Taiwan's Economy Grows 3.97%: AI and Tech Drive Growth
10 months ago

Taiwan's gross domestic product (GDP) expanded by 3.97% year-on-year in the third quarter, driven by significant contributions from the artificial intelligence (AI) sector and technology exports, coupled with increased government spending. This growth trajectory reflects robust data released by the Directorate-General of Budget, Accounting and Statistics (DGBAS).

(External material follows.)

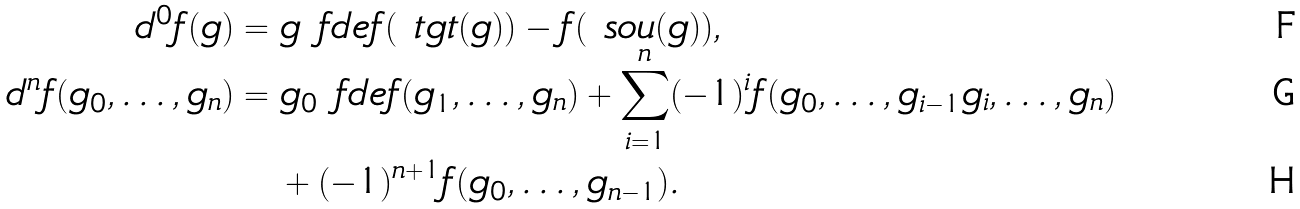<formula> <loc_0><loc_0><loc_500><loc_500>d ^ { 0 } f ( g ) & = g \ f d e f ( \ t g t ( g ) ) - f ( \ s o u ( g ) ) , \\ d ^ { n } f ( g _ { 0 } , \dots , g _ { n } ) & = g _ { 0 } \ f d e f ( g _ { 1 } , \dots , g _ { n } ) + \sum _ { i = 1 } ^ { n } ( - 1 ) ^ { i } f ( g _ { 0 } , \dots , g _ { i - 1 } g _ { i } , \dots , g _ { n } ) \\ & \quad + ( - 1 ) ^ { n + 1 } f ( g _ { 0 } , \dots , g _ { n - 1 } ) .</formula> 
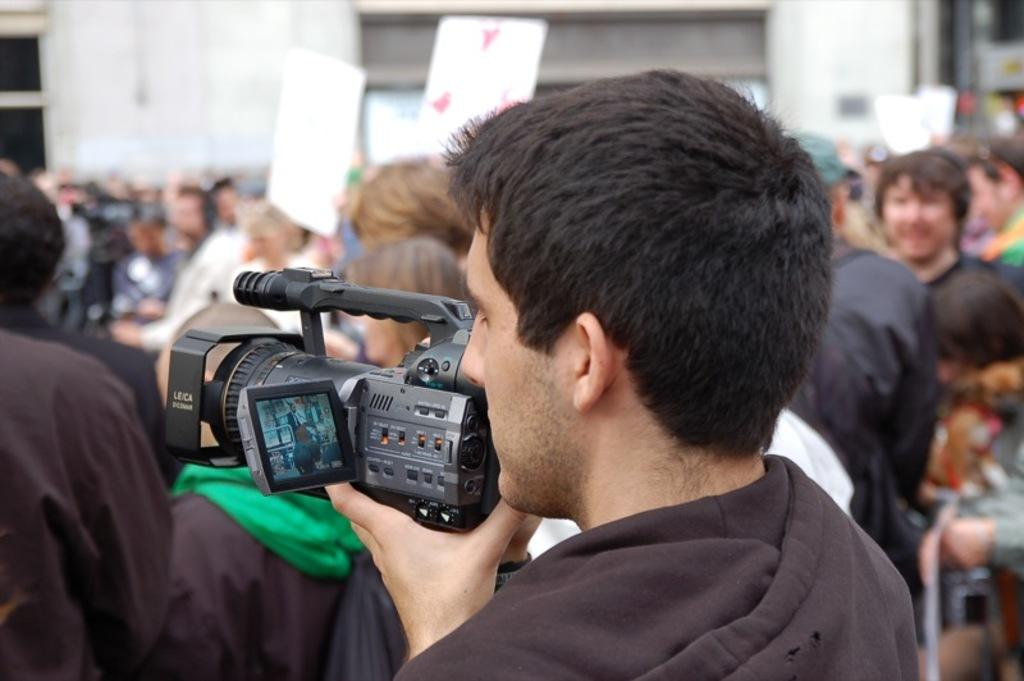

Exports of goods and services experienced an impressive increase of 8.67% from the previous year, attributed largely to the surge in AI and technology exports.

Conversely, imports rose by 13.33%, driven by strong demand which has energized both inbound and outbound trade activities. "While export growth has remained choppy but overall quite solid, base effects have led to even stronger import growth levels, which led to a smaller trade surplus compared to the same period in 2023," noted ING Research.

On the domestic front, private consumption saw a rising trend, moving upward by 1.92% in the third quarter. This increase can be largely traced back to domestic retail spending, as well as growth in recreation and tourism, alongside heightened financial market activities, especially relating to securities and fund transaction fees. Capital investments in machinery, construction, and intellectual property showcased a remarkable 15.27% rise in gross capital formation.

As highlighted by ING Research, domestic demand saw "slightly smaller contributions from private consumption and gross capital formation but a stronger boost from government spending compared to the second quarter.".